What to work on =
Only one stretch of the data below is wanted: the lines starting at the one with "8. cow figurine [394, 108, 495, 175]" and ending at the one with "19. high-heeled shoe", both included, given again exactly.

Records provided =
● ● ● ●

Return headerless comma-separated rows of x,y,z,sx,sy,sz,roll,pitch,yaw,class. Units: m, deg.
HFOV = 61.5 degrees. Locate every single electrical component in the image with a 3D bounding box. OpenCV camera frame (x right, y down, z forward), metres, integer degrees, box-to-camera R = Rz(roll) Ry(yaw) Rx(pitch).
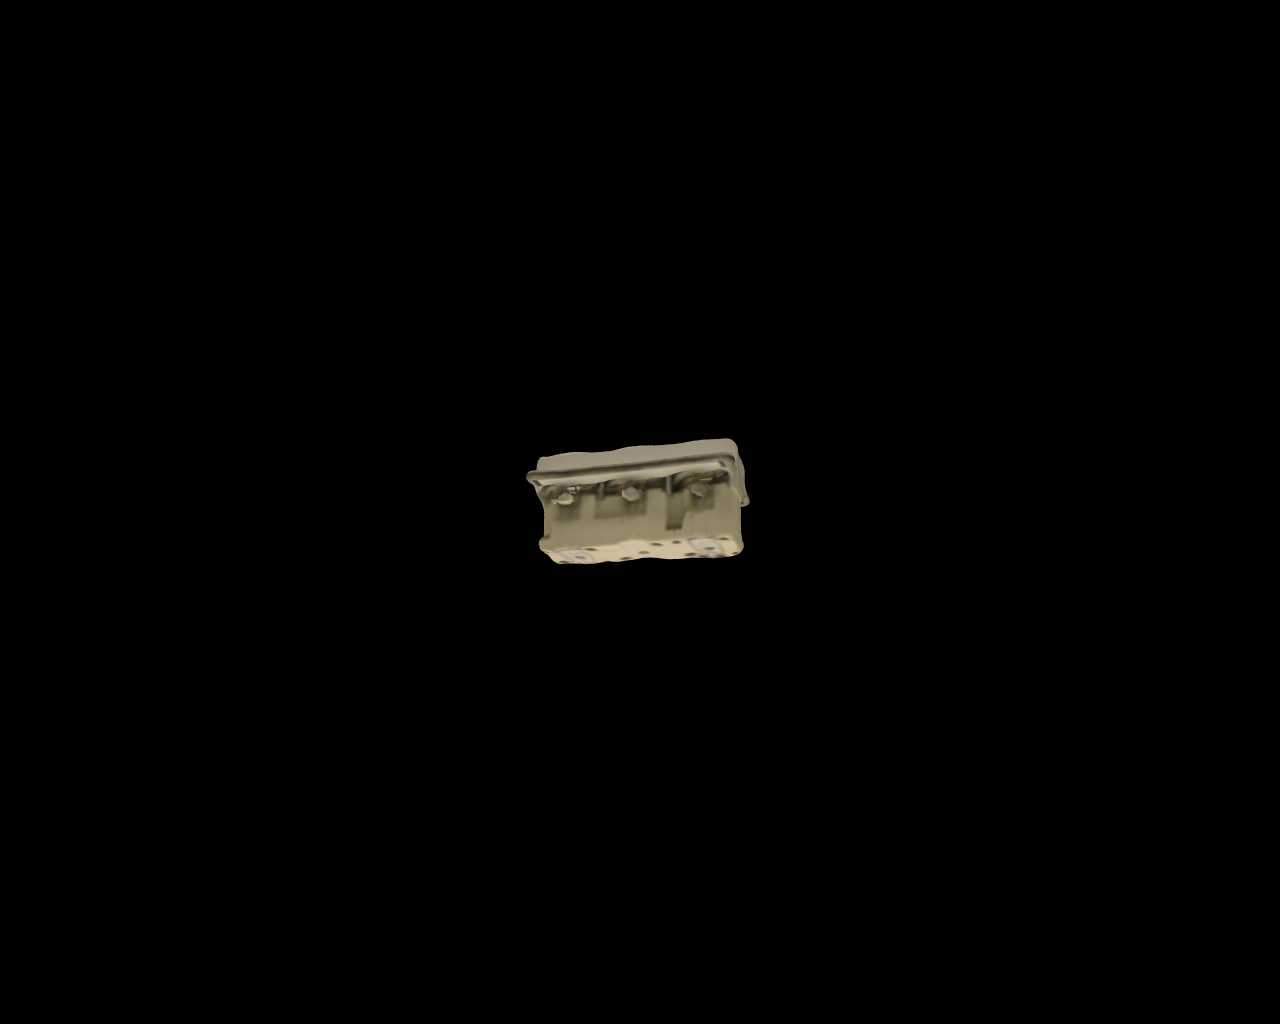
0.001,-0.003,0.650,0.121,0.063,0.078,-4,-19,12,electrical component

● ● ● ●

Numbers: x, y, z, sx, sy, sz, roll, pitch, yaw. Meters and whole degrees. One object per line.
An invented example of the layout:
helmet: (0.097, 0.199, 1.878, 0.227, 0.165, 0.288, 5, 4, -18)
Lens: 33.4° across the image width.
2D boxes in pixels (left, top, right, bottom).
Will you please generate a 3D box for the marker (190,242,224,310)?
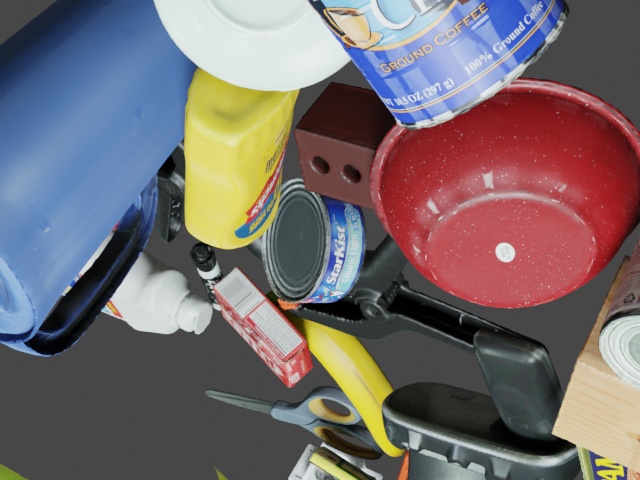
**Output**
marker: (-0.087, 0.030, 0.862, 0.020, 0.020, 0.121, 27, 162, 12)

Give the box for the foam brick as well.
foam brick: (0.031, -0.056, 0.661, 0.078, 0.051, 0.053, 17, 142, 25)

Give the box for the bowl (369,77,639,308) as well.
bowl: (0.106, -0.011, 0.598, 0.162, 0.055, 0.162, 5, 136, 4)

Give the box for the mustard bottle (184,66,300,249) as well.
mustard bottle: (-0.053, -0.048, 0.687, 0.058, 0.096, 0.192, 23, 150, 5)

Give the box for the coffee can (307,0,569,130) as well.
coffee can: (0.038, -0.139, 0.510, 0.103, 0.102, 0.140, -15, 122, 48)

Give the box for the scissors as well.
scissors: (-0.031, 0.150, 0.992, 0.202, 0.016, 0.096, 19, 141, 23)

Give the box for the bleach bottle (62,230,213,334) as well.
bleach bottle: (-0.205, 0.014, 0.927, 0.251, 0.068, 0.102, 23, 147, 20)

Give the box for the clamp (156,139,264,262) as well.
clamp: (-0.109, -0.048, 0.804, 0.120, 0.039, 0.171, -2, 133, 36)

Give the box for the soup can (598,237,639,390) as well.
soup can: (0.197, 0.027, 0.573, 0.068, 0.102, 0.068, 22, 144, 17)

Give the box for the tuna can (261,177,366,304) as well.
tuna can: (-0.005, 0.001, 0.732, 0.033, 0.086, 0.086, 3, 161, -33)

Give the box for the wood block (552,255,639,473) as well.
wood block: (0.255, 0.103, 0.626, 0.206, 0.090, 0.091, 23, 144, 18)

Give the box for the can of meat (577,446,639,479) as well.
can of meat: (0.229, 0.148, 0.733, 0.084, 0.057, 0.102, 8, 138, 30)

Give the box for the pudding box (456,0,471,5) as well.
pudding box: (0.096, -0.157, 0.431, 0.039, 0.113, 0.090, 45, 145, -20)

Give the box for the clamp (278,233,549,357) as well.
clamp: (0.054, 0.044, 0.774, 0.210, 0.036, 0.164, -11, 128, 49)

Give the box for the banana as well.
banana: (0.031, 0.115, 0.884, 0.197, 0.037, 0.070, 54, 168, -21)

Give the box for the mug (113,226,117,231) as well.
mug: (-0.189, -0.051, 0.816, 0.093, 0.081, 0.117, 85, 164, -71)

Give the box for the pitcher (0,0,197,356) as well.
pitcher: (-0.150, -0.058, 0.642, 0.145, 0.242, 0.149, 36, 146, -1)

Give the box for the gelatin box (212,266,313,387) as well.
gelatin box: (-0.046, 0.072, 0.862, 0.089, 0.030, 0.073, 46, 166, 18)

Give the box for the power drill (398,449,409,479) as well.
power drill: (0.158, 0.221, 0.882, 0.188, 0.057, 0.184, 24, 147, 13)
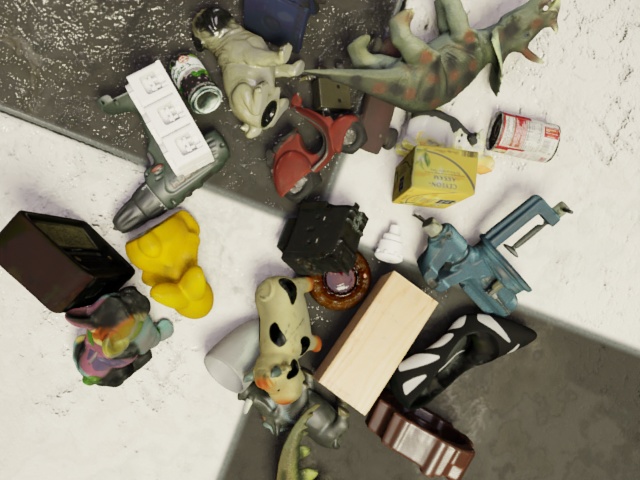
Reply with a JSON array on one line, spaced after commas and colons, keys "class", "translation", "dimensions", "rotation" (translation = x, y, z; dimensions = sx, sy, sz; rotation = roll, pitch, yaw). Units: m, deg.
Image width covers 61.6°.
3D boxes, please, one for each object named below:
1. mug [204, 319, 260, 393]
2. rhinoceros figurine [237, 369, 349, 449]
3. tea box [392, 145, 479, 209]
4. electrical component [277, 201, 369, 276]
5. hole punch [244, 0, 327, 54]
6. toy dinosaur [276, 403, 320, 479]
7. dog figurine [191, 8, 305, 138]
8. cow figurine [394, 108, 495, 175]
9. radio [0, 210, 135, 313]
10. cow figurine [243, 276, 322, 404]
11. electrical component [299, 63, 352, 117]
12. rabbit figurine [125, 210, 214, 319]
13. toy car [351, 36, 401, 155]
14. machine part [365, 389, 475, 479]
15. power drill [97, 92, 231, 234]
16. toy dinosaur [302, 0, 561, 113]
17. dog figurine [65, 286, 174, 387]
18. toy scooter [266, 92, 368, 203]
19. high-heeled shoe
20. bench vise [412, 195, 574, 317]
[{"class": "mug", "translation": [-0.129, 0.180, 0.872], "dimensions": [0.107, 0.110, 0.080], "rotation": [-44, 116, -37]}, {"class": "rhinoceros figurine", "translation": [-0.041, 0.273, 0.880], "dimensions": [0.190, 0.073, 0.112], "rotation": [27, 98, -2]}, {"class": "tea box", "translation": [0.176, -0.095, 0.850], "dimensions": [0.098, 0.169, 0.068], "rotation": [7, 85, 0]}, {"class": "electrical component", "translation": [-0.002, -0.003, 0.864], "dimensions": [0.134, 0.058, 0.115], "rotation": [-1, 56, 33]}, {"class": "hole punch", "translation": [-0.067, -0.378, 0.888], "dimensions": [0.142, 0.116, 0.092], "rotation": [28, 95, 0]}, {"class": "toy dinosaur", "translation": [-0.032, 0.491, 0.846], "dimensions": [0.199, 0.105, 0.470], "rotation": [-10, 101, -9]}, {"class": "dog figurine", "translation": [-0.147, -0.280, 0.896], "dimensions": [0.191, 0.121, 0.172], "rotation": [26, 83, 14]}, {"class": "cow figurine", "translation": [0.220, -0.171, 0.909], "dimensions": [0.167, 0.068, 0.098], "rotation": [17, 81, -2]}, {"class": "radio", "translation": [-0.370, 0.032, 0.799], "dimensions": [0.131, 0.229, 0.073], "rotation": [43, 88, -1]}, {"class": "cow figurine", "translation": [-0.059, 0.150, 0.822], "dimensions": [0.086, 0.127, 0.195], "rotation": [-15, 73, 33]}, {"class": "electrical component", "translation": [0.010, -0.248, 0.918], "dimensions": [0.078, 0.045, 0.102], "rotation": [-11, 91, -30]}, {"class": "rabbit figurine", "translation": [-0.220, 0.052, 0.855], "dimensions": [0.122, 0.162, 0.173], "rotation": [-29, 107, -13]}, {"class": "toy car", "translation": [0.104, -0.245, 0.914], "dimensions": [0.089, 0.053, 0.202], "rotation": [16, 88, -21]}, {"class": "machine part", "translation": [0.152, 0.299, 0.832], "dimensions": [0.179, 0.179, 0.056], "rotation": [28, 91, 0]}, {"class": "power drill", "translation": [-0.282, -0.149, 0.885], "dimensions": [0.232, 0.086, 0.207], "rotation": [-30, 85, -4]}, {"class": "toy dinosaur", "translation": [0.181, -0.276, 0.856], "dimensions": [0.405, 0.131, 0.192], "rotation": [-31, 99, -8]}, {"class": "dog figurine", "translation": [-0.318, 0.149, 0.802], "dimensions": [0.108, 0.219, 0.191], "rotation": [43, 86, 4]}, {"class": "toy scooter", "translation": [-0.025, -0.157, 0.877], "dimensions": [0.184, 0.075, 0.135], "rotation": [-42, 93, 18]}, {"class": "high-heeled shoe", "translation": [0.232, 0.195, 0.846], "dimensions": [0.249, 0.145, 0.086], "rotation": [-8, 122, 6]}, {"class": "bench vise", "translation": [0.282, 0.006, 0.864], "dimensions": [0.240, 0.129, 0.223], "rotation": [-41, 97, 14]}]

● ● ● ●

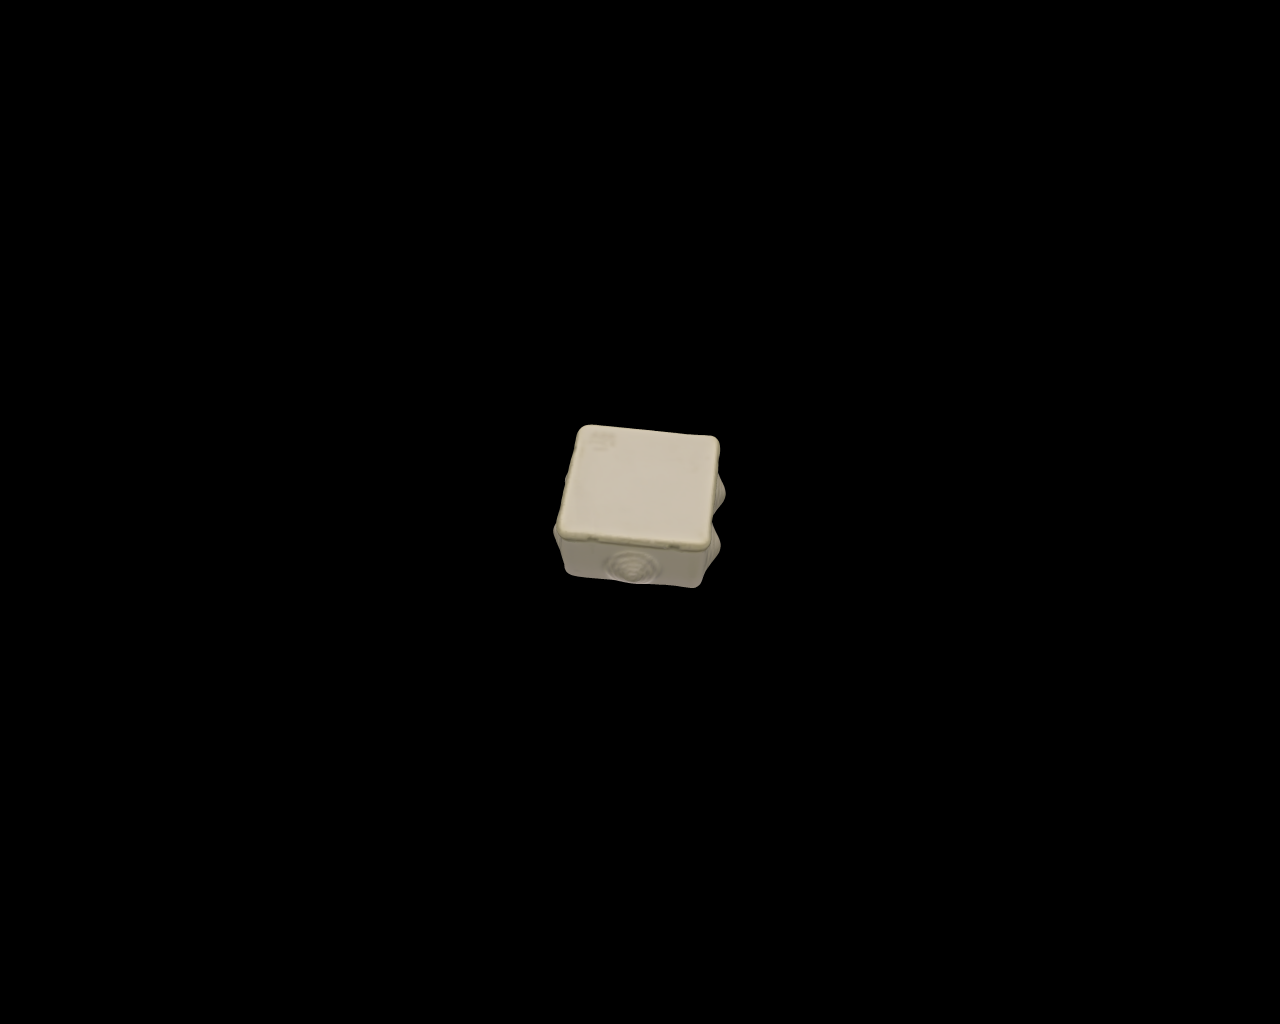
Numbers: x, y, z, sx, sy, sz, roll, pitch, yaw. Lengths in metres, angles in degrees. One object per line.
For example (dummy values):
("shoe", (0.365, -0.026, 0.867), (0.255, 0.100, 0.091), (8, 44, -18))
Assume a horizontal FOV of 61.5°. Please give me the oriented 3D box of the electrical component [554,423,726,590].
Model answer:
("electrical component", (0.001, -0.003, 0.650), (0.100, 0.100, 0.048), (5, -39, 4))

● ● ● ●

Task output =
8. cow figurine [394, 108, 495, 175]
9. radio [0, 210, 135, 313]
10. cow figurine [243, 276, 322, 404]
11. electrical component [299, 63, 352, 117]
12. rabbit figurine [125, 210, 214, 319]
13. toy car [351, 36, 401, 155]
14. machine part [365, 389, 475, 479]
15. power drill [97, 92, 231, 234]
16. toy dinosaur [302, 0, 561, 113]
17. dog figurine [65, 286, 174, 387]
18. toy scooter [266, 92, 368, 203]
19. high-heeled shoe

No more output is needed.